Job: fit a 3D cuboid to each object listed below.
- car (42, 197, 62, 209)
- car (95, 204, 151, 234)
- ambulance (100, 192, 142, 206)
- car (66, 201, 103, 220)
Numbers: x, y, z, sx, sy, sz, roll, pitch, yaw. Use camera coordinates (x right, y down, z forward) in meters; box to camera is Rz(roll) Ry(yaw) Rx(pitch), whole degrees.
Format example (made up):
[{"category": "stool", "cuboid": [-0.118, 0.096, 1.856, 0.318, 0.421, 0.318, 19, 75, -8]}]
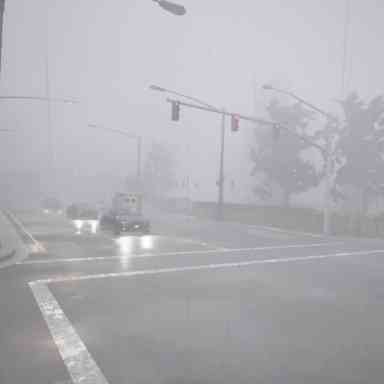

====

Work task:
Your answer should be one number: how many lines of the material include the word "cuboid".

Output:
2